▸ Dataset entries
- Opening Delimiter -

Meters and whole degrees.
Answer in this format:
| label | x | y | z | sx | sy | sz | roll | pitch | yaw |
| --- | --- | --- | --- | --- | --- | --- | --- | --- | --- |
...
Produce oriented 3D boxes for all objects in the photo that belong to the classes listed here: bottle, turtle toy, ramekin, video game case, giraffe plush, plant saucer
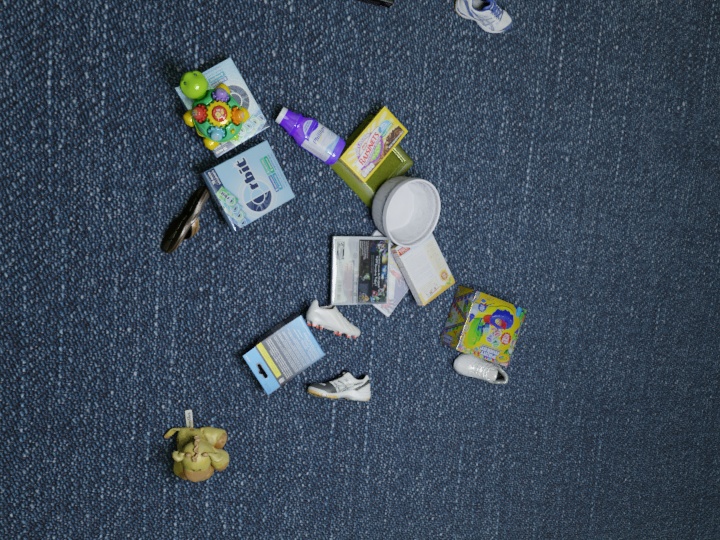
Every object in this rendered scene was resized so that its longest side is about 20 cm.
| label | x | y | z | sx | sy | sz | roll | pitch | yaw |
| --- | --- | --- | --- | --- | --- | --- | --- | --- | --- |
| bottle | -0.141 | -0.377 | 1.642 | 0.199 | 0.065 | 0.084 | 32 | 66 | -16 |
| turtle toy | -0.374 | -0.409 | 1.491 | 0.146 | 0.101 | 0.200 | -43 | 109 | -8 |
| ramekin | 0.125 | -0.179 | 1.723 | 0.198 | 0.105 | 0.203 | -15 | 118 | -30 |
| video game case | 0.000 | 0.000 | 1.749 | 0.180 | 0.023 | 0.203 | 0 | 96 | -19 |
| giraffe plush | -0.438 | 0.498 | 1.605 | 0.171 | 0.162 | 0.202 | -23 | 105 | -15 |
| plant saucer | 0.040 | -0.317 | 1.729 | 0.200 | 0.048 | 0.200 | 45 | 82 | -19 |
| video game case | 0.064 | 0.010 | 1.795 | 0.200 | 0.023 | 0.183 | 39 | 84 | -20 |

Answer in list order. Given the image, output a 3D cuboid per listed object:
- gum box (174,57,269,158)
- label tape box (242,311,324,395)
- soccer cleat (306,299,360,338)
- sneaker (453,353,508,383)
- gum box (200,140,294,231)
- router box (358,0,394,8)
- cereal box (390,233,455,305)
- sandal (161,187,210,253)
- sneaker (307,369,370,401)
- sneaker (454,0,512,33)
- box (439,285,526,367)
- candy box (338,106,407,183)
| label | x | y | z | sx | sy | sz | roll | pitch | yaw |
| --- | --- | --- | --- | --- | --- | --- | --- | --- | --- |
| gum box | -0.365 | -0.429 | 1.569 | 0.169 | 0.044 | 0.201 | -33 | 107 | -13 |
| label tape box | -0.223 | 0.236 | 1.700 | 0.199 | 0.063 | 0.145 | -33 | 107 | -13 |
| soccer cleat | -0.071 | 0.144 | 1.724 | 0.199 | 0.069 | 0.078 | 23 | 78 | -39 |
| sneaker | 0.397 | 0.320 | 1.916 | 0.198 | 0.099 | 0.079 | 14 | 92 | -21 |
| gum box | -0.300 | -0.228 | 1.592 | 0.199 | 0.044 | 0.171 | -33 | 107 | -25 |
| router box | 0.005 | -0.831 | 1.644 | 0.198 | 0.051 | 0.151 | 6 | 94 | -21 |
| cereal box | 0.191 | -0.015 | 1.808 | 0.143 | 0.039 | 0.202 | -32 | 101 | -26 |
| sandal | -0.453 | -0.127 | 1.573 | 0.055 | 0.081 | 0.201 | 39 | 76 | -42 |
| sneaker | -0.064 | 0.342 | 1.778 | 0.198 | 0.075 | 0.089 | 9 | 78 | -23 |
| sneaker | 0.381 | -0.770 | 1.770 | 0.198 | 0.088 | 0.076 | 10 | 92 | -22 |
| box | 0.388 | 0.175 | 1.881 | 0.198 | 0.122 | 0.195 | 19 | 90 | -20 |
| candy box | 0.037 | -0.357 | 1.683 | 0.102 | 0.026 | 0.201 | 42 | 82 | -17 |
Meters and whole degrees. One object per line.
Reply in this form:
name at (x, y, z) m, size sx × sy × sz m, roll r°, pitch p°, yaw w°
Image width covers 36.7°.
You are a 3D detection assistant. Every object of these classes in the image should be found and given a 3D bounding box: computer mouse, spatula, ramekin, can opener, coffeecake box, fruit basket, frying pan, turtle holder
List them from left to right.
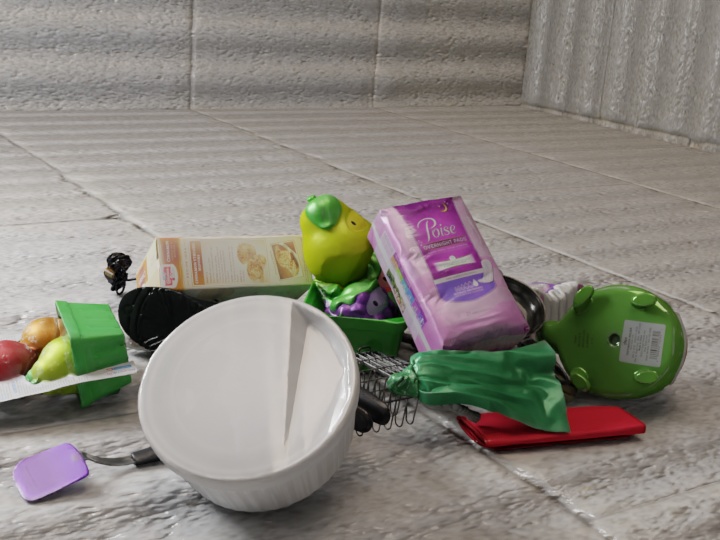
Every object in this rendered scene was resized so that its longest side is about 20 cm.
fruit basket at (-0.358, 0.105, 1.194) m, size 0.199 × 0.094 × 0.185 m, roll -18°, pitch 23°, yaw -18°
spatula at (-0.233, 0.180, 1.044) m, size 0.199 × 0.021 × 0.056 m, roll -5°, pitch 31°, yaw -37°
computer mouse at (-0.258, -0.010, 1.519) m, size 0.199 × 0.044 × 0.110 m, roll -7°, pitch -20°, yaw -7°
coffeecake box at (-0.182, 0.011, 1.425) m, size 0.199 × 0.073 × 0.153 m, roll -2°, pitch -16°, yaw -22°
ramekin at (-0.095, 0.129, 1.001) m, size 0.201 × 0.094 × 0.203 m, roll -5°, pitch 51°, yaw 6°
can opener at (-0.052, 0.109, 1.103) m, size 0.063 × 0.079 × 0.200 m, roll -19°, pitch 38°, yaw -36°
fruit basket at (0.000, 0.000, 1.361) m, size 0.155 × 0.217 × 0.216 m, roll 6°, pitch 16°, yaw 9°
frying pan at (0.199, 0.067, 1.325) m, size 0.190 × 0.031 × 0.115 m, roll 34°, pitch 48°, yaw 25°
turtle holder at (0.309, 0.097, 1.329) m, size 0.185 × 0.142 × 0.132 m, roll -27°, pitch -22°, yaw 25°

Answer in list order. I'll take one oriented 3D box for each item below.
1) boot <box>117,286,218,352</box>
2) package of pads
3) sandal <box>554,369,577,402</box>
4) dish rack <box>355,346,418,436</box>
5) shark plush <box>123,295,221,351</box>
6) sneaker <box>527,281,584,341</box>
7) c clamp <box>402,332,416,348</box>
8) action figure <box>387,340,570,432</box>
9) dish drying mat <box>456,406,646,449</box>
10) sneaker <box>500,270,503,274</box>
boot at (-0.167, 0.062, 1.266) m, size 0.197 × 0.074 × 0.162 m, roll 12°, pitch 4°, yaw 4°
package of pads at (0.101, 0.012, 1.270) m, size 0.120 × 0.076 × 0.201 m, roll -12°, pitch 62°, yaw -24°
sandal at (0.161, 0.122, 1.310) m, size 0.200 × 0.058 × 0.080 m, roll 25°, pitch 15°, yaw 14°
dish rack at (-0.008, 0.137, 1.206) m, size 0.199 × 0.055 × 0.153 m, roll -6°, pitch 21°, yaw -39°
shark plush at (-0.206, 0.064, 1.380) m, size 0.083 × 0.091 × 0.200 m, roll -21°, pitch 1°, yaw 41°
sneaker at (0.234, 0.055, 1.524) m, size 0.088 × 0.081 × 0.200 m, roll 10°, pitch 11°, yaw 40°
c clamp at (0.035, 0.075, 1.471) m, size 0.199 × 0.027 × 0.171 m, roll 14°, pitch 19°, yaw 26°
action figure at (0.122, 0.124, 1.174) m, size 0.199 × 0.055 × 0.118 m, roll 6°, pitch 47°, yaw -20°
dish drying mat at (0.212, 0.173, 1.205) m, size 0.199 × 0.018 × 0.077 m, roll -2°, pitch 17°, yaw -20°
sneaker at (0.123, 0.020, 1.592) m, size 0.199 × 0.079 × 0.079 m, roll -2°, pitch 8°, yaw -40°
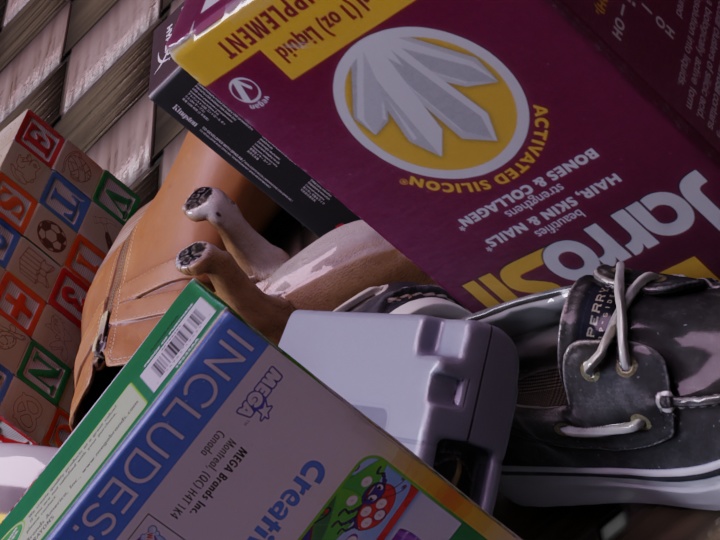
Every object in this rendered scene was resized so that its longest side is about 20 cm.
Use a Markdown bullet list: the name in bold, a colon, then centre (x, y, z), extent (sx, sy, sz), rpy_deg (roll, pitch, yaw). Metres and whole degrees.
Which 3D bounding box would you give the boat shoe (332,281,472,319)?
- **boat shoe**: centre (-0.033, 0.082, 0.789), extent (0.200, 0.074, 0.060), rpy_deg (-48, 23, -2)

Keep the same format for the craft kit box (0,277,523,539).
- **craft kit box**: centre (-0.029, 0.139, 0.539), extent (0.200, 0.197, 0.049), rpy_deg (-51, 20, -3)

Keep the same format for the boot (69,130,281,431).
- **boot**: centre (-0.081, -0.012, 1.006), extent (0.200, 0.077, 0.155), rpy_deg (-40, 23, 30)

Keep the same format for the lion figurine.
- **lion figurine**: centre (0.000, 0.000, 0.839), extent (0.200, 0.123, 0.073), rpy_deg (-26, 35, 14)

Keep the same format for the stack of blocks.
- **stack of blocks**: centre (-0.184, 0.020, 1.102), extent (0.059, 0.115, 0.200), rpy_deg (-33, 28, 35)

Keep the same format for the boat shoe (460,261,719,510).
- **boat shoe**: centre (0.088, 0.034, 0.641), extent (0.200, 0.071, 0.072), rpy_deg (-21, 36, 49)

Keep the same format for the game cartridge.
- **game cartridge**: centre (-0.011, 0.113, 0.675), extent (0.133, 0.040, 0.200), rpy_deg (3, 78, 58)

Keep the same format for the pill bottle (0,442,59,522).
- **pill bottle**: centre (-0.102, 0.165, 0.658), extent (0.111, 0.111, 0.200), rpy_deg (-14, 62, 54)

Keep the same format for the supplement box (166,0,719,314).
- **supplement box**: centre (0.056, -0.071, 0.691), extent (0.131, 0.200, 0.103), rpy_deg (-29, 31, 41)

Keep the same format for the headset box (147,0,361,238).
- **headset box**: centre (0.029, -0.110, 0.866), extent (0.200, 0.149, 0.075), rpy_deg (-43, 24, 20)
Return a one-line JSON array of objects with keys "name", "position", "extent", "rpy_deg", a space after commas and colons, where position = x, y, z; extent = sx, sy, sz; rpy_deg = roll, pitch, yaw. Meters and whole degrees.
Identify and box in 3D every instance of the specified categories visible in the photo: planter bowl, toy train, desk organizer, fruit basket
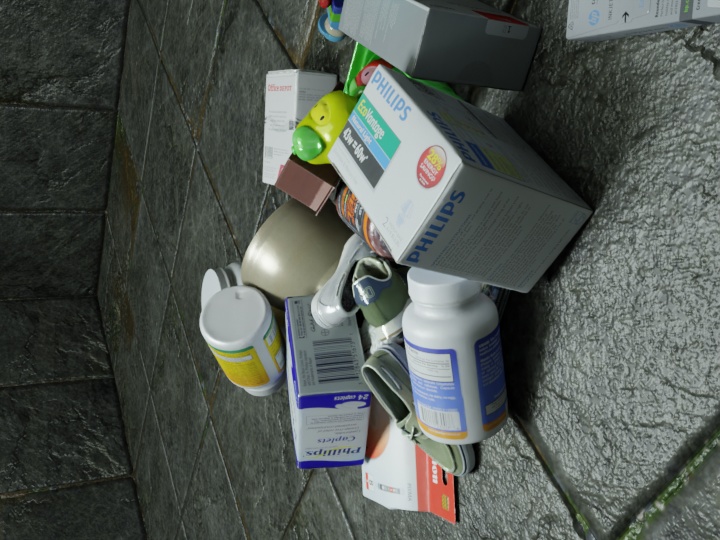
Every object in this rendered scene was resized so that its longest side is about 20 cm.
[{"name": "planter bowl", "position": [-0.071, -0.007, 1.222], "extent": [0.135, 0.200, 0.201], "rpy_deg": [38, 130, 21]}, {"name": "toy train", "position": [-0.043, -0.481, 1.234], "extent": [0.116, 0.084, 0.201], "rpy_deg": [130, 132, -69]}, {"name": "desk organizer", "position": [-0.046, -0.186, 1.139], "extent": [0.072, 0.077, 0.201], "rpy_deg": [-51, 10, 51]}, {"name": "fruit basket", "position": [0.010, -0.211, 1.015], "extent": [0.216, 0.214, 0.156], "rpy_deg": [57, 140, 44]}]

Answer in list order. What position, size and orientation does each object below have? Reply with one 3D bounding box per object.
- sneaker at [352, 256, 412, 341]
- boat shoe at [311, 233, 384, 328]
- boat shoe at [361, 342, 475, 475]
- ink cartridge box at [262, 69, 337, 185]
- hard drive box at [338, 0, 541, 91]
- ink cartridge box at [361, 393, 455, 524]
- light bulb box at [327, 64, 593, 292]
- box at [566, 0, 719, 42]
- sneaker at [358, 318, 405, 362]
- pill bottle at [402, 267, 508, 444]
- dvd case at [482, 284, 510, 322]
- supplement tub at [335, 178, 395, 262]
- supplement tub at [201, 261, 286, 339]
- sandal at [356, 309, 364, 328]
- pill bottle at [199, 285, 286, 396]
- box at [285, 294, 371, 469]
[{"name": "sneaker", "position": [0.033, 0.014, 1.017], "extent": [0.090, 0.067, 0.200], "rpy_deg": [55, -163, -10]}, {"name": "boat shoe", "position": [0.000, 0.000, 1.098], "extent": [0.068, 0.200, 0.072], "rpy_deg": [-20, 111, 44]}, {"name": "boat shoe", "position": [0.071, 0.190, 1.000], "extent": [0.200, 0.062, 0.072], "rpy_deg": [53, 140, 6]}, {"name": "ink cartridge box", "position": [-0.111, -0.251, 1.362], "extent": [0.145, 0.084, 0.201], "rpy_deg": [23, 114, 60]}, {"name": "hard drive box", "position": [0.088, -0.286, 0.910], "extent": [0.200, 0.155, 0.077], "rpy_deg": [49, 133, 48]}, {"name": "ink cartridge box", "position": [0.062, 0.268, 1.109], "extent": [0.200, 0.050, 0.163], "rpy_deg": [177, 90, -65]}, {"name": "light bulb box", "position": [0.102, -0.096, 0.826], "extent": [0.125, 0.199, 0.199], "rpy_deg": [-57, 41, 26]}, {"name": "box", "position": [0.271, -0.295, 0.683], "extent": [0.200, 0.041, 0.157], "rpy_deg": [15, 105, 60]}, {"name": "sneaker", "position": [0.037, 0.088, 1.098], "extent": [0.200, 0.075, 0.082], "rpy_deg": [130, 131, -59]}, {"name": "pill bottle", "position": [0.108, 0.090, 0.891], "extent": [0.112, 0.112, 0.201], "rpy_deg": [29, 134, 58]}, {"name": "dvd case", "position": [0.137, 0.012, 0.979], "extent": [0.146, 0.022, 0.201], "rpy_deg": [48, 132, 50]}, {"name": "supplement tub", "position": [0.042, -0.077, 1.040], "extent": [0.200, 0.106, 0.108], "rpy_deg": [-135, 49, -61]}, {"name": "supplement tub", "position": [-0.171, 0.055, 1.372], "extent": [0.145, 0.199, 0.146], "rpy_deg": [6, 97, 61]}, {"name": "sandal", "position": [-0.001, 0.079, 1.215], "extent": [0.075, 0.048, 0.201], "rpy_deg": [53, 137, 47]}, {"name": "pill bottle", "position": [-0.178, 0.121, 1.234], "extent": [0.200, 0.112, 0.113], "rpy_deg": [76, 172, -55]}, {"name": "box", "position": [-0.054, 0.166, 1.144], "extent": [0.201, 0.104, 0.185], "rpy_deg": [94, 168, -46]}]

- Closing Delimiter -

▸ Your assignment
Find every line in the records above that holds the word "photo", and copy each one.

▸ Exercise result
Produce oriented 3D boxes for all objects in the photo that belong to the classes listed here: bottle, turtle toy, ramekin, video game case, giraffe plush, plant saucer
Identify and box in 3D every instance of the specified categories visible in the photo: planter bowl, toy train, desk organizer, fruit basket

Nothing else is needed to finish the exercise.